Ah. A daughter. With a daughter, as a set, tended to come a wife. And there, presumably, she was: on top of a hyper-shiny black lacquer piano, in a photo frame, pictured on the deck of a sailing boat with a pair of teenagers, one boy, one girl. She was pretty: smooth tanned skin, big straight teeth, laughing face and long dark hair, scooped up and loosely clipped. Wisps of it fluttered round her face. She looked quite young, no make-up, one of those slim, fine-boned sorts who would never get jowly or have upper-arm qualms about buying a strappy party frock. Sara was willing to bet the woman was also quite tall and she felt immediately short, round and inelegant in her vintage fabrics and ditzy too-young tie-front cardigan.

‘Is this your daughter?' She pointed to the crop-haired blonde teenager in the photo.
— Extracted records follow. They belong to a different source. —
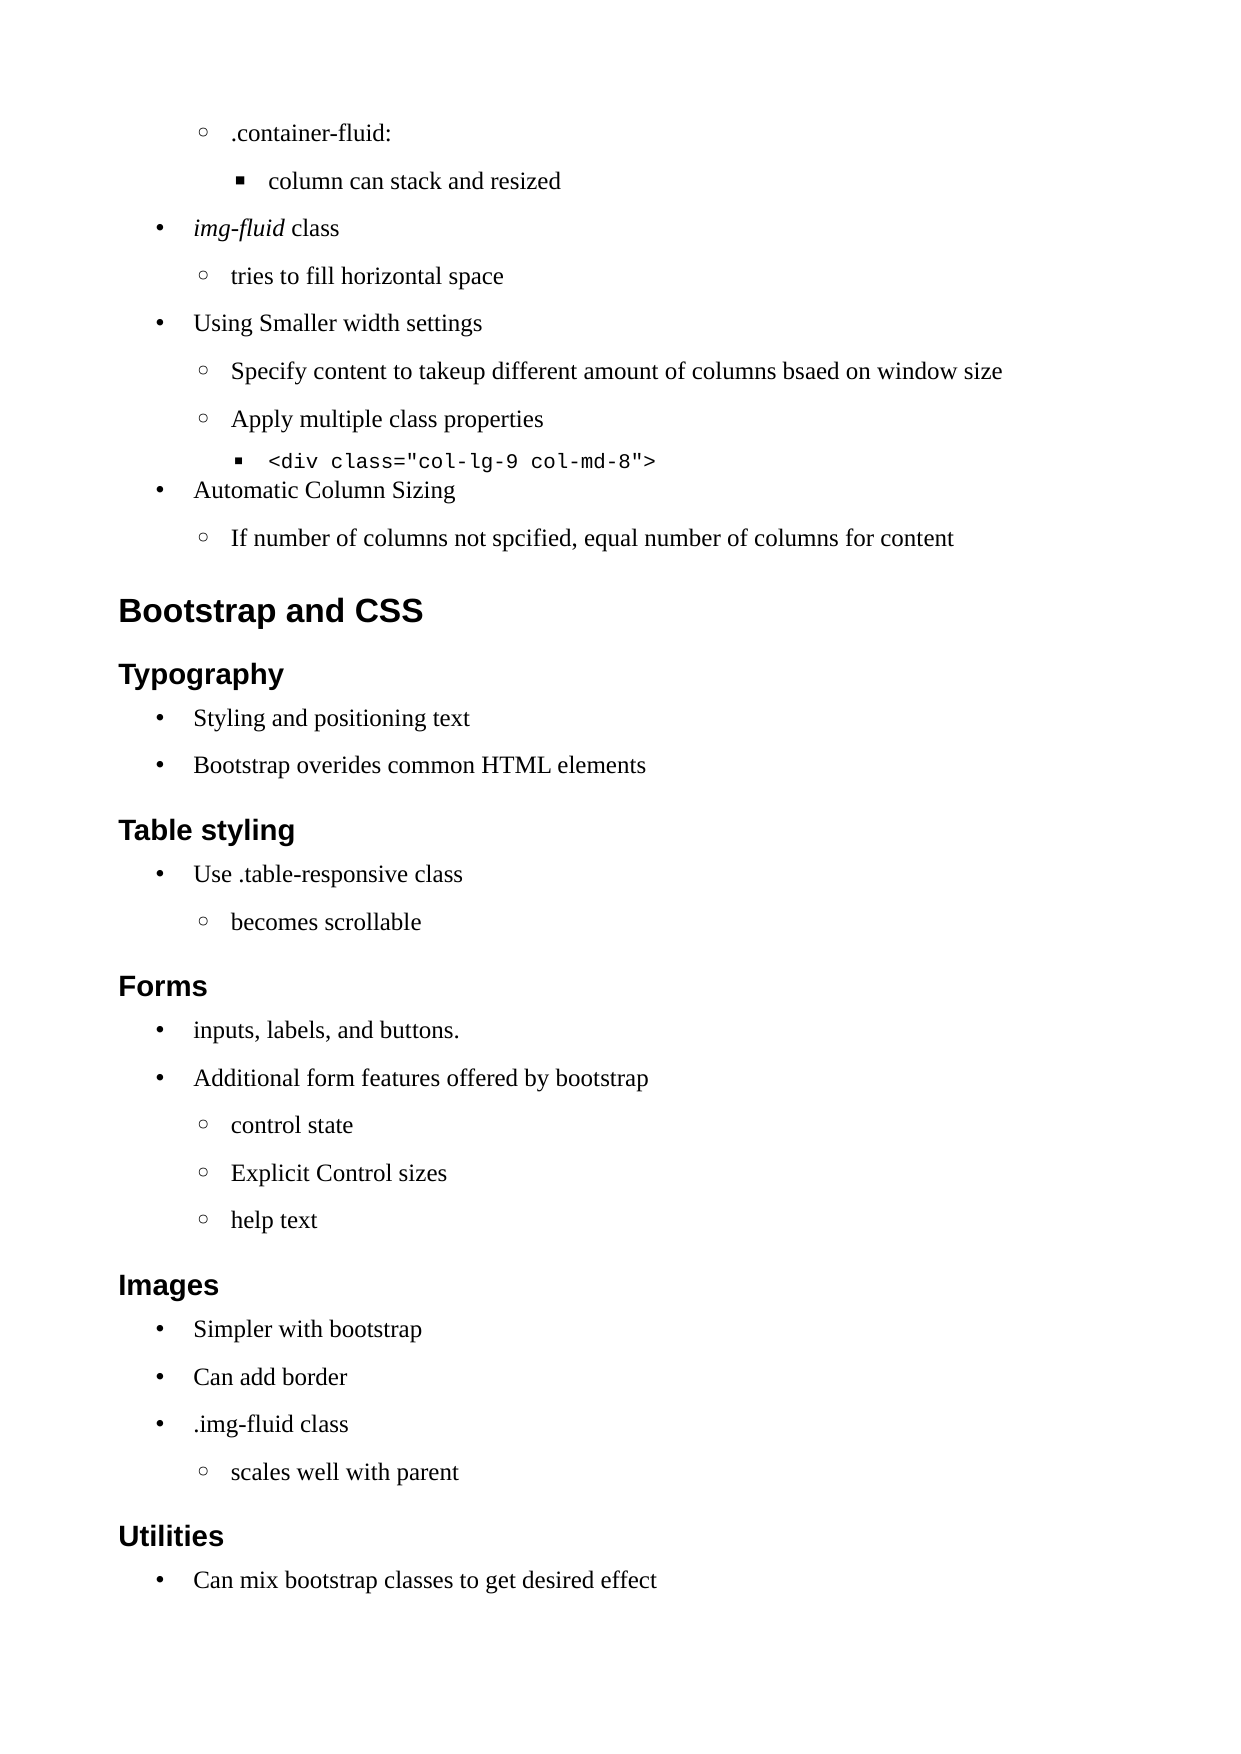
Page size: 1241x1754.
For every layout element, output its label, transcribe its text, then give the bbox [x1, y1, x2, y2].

subtitle Utilities [118, 1519, 1122, 1553]
list scales well with parent [193, 1457, 1122, 1486]
subtitle Images [118, 1268, 1122, 1301]
list control state [193, 1110, 1122, 1139]
list tries to fill horizontal space [193, 261, 1122, 290]
list Apply multiple class properties [193, 404, 1122, 432]
list .container-fluid: [193, 118, 1122, 147]
list Simpler with bootstrap [156, 1314, 1122, 1343]
list Styling and positioning text [156, 703, 1122, 732]
list img-fluid class [156, 213, 1122, 242]
list column can stack and resized [231, 166, 1122, 194]
list becomes scrollable [193, 907, 1122, 935]
list Automatic Column Sizing [156, 475, 1122, 504]
subtitle Bootstrap and CSS [118, 591, 1122, 630]
list Specify content to takeup different amount of columns bsaed on window size [193, 356, 1122, 385]
list Explicit Control sizes [193, 1158, 1122, 1187]
list <div class="col-lg-9 col-md-8"> [231, 451, 1122, 475]
list Use .table-responsive class [156, 859, 1122, 888]
subtitle Table styling [118, 813, 1122, 847]
list Additional form features offered by bootstrap [156, 1063, 1122, 1091]
list Using Smaller width settings [156, 308, 1122, 337]
list If number of columns not spcified, equal number of columns for content [193, 523, 1122, 551]
list Bootstrap overides common HTML elements [156, 751, 1122, 779]
list Can mix bootstrap classes to get desired effect [156, 1565, 1122, 1594]
list .img-fluid class [156, 1409, 1122, 1438]
list inputs, labels, and buttons. [156, 1015, 1122, 1044]
list help text [193, 1206, 1122, 1234]
subtitle Forms [118, 969, 1122, 1003]
subtitle Typography [118, 657, 1122, 691]
list Can add border [156, 1362, 1122, 1390]
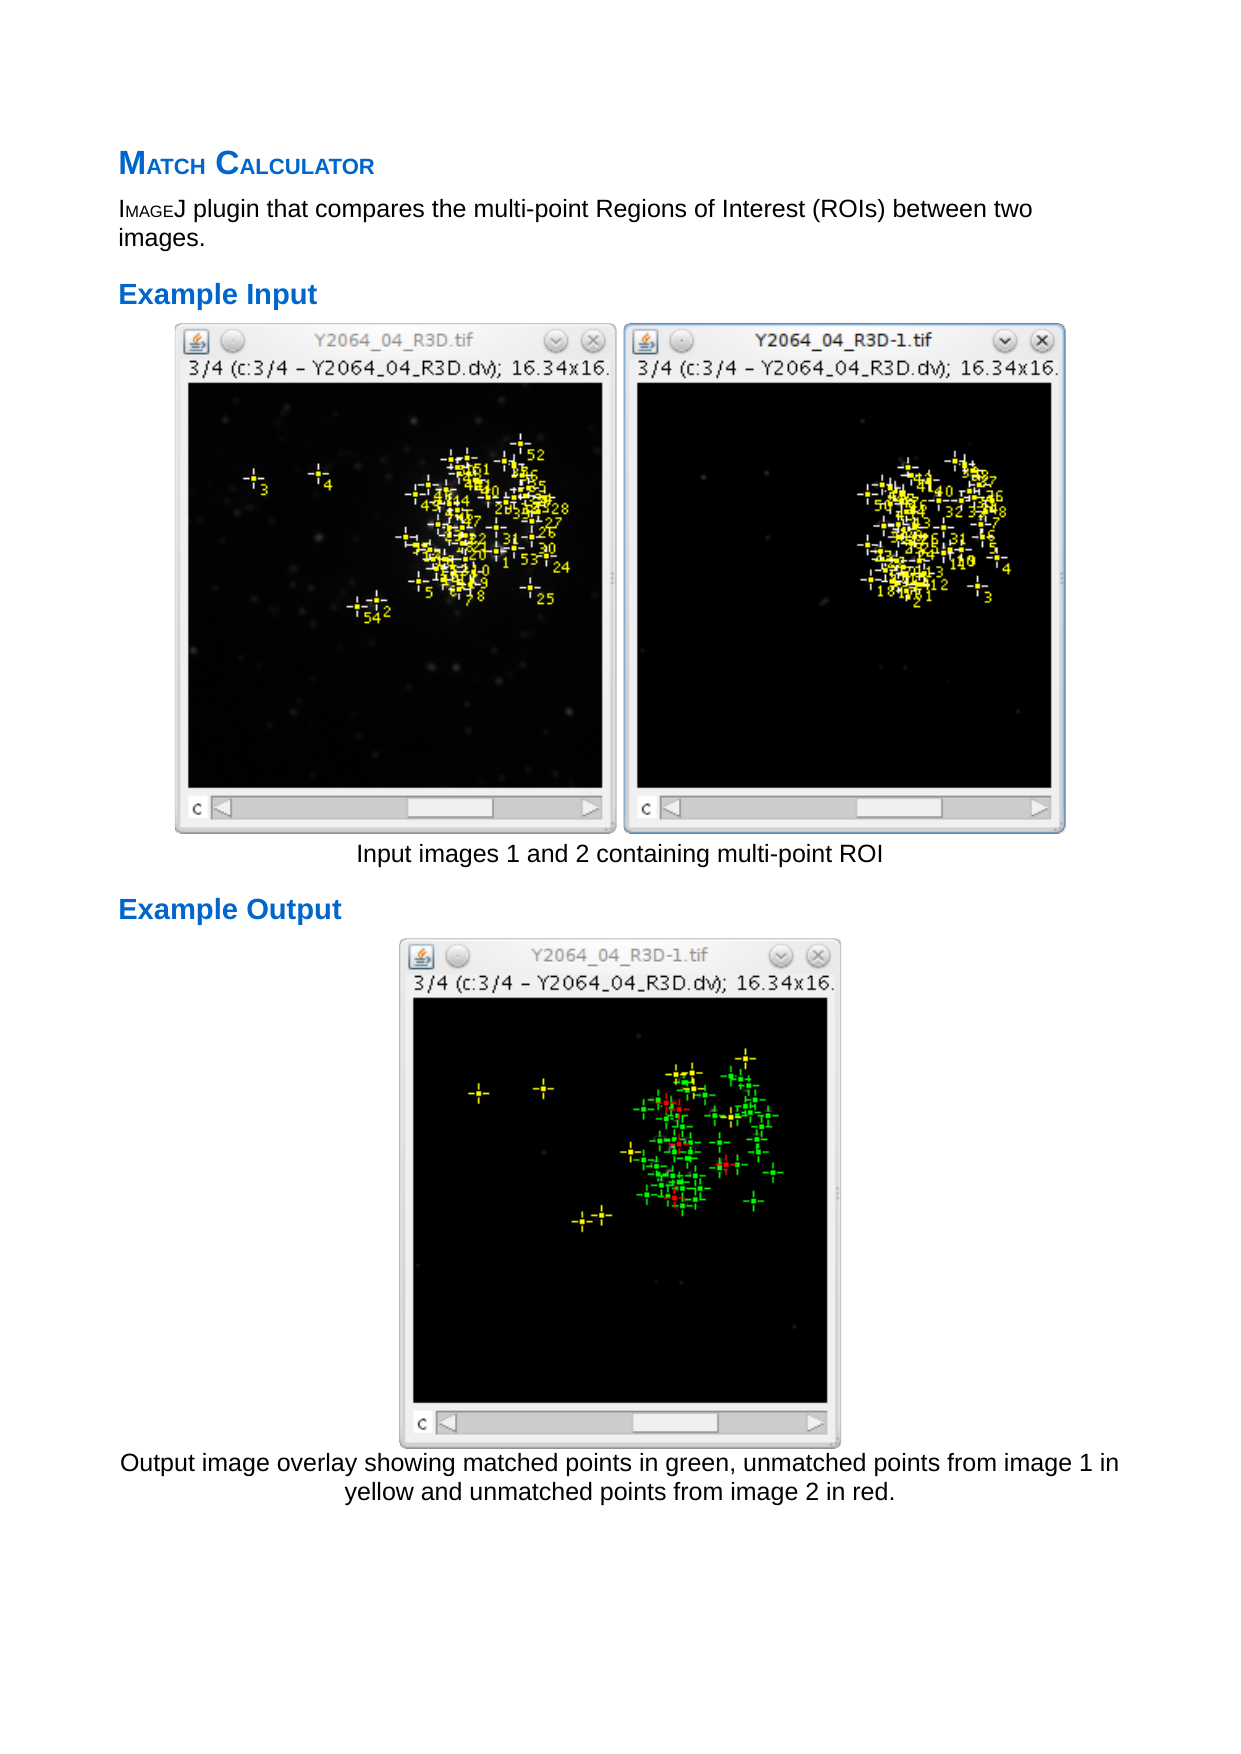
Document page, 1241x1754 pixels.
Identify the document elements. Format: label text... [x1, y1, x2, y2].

picture [399, 938, 842, 1449]
picture [174, 323, 617, 834]
text ImageJ plugin that compares the multi-point Regions of Interest (ROIs) between two images. [118, 194, 1122, 252]
text Output image overlay showing matched points in green, unmatched points from image 1 in yellow and unmatched points from image 2 in red. [118, 1448, 1122, 1506]
subtitle Match Calculator [118, 143, 1122, 182]
subtitle Example Output [118, 892, 1122, 926]
picture [623, 323, 1066, 834]
subtitle Example Input [118, 277, 1122, 311]
text Input images 1 and 2 containing multi-point ROI [118, 838, 1122, 867]

‘That's Abigail. Couple of years ago now, actually. About the time we were talking about a divorce.'

‘Divorce? From . . .' Sara's finger hovered over the smiling woman.

‘Yep – that's my wife. Caro.' He was standing just behind her, looking at the photo over her shoulder. She could feel body warmth and moved away a little, conscious of an urge to do the opposite.

‘We're still on good terms,' he continued. ‘Well, as you can see from the photo. We'd been separated for a while but we'd still take the kids sailing together now and then. You get used to how you sail the boat together, you know? Who pulls which ropes. Which side of the boat . . .'

‘Yes, I get the idea,' Sara interrupted. She couldn't look at the woman any more. This sounded too intimate. Were they really talking about boats or . . . She then said, as the two of them moved towards the kitchen, ‘It's like in
High Society
, where Tracy's yacht is a kind of metaphor for their sex life.'

Ben laughed. ‘No! Definitely not! I meant it literally about the boat. God no, our sex life wasn't on at that point. Well, together it wasn't anyway. Caro was having a fine old time with her new man. They'd practically moved into the Oxford Malmaison.'

‘I was talking about the film, not your . . . Oh never mind . . . !' Sara felt flustered. Why on earth had she said all that? Mad.

The kitchen had been extended sideways so what would have been a long narrow galley was a big square with a scratched old oak table by French doors at the far end, looking out over a tiny back garden leading to a white-painted brick wall with rows of shelves that held rows of pots full of seedlings.

‘What are you growing out there?' Sara asked, keen suddenly to get away from the topic of spouses and sex. She was, obviously, just here as a friend. This was just tea and Jaffa cakes. Ben didn't look as if he minded too much about the Malmaison business, but then he had said it was over. He switched on the kettle, found mugs in a cupboard, tea bags. He had a massive brushed-steel fridge, too big for the kitchen really, as if it was something he'd fought to get custody of in the split-up and was determined to hang on to. What on earth did a lone man fill it with? She heard a clink of glass as he closed its door and decided it probably contained bottles of beer and just-in-case champagne.

‘I'm growing morning glory and nasturtiums,' Ben told her. ‘Climbing stuff; but I don't want them to climb, I want them to hang down the wall and cover it.'

‘Oh I do that!' Sara said. ‘I've got a big trough hanging on a wall over the pool and I plant it up with nasturtiums every summer. Looks great!'

‘Pool?' Ben looked at her. ‘Swimming or fish?'

Sara wished she hadn't said anything. Only one house in the area had a garden big enough for a swimming pool. And everyone knew whose house that was. And today she wasn't being ‘wife of ‘; she was being Sara McKinley. Not quite single Sara, just not quite
married
Sara.

‘Oh you know, just a regular garden-type pool.' She shrugged.

‘Oh,
that
sort. Frogs and fountains, right? OK, let's go . . .' Ben had a mug of tea in each hand. ‘You bring the biccies.'

For a mad giddy moment, Sara half expected him to turn left up the open-tread staircase . . . but of course he went back through the open front door to the lush garden and the pink-painted bench and table that Alma had left behind when she'd moved.